### [WHAT IS REQUIRED]
Each line of the records that holds "matte" should be shown in full.

Dataset excerpts:
____
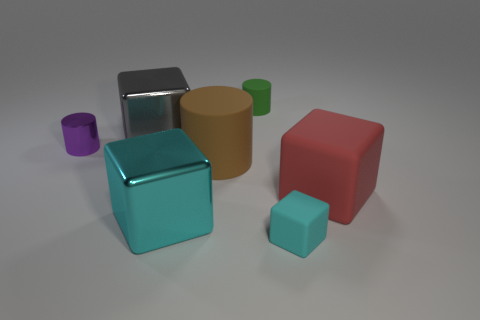Is there another block of the same color as the tiny rubber block?
Give a very brief answer. Yes. There is a cyan block on the left side of the green object; is there a rubber block in front of it?
Make the answer very short. Yes. Is there a big brown cylinder made of the same material as the purple cylinder?
Provide a short and direct response. No. What material is the small cylinder in front of the cylinder that is behind the gray metal thing?
Your response must be concise. Metal. The thing that is right of the brown rubber cylinder and behind the tiny metallic cylinder is made of what material?
Offer a terse response. Rubber. Are there the same number of objects on the left side of the red cube and big objects?
Keep it short and to the point. No. How many tiny green metal objects have the same shape as the small cyan matte object?
Your answer should be compact. 0. There is a block on the left side of the metal thing in front of the rubber block behind the small rubber block; what size is it?
Offer a terse response. Large. Is the large cube behind the large red thing made of the same material as the brown cylinder?
Provide a short and direct response. No. Is the number of big cyan metal cubes left of the small purple cylinder the same as the number of big blocks that are to the left of the big brown matte cylinder?
Provide a succinct answer. No.
____
### [YOUR SOLUTION]
Keep it short and to the point. No. How many tiny green metal objects have the same shape as the small cyan matte object?
Provide a short and direct response. No. Is the number of big cyan metal cubes left of the small purple cylinder the same as the number of big blocks that are to the left of the big brown matte cylinder?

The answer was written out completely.